== Material for this task ==

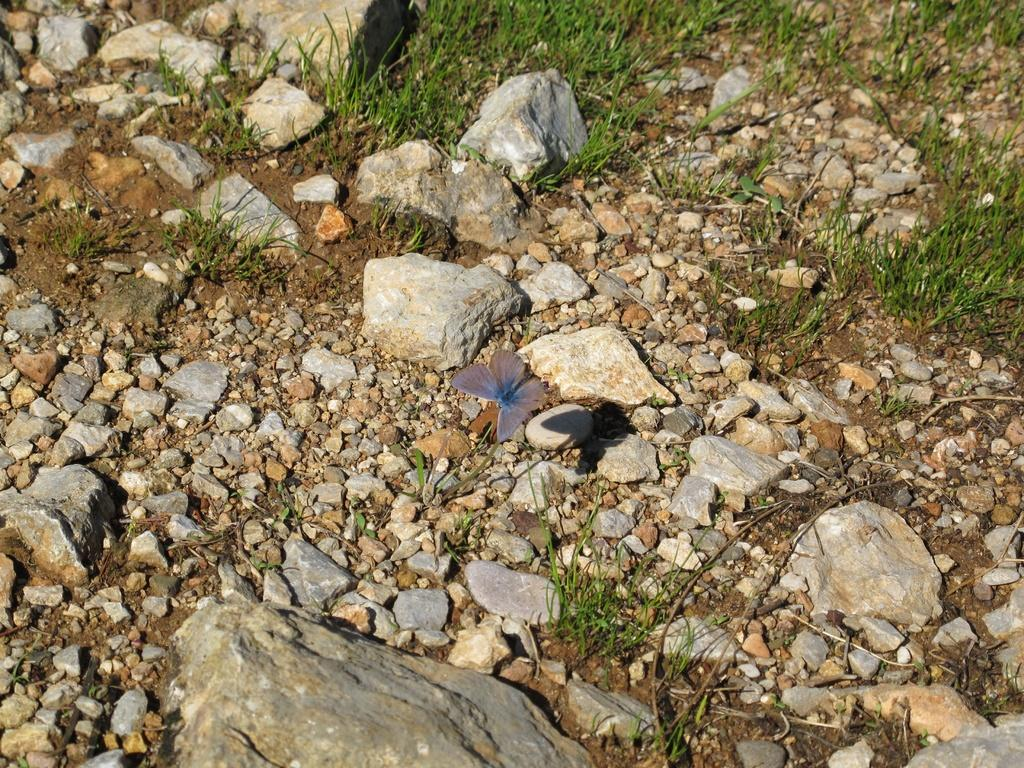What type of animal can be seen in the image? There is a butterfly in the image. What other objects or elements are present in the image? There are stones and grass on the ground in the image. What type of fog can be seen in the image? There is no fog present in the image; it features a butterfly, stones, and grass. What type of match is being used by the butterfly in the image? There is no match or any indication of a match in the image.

===
== Material for this task ==

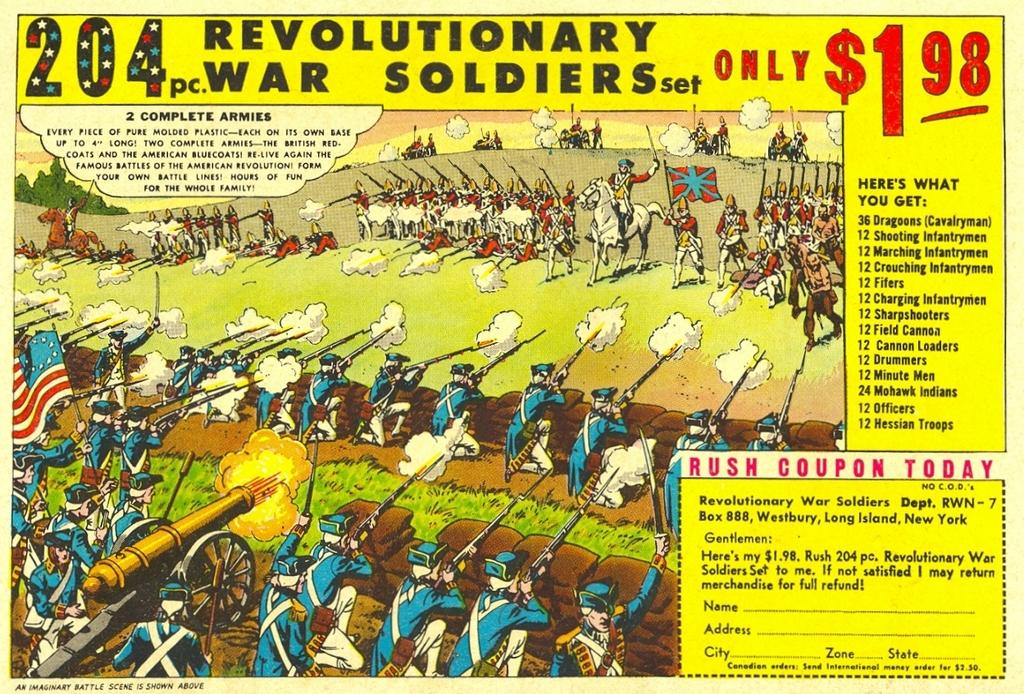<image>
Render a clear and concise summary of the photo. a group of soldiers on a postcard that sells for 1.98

===
== Material for this task ==

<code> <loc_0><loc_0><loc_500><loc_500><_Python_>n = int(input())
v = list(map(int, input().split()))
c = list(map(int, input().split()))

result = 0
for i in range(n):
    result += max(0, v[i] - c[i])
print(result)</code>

===

Task details:
Could you copy every line from the records that mentions the word "code"?

The completed task:
<code> <loc_0><loc_0><loc_500><loc_500><_Python_>n = int(input())
print(result)</code>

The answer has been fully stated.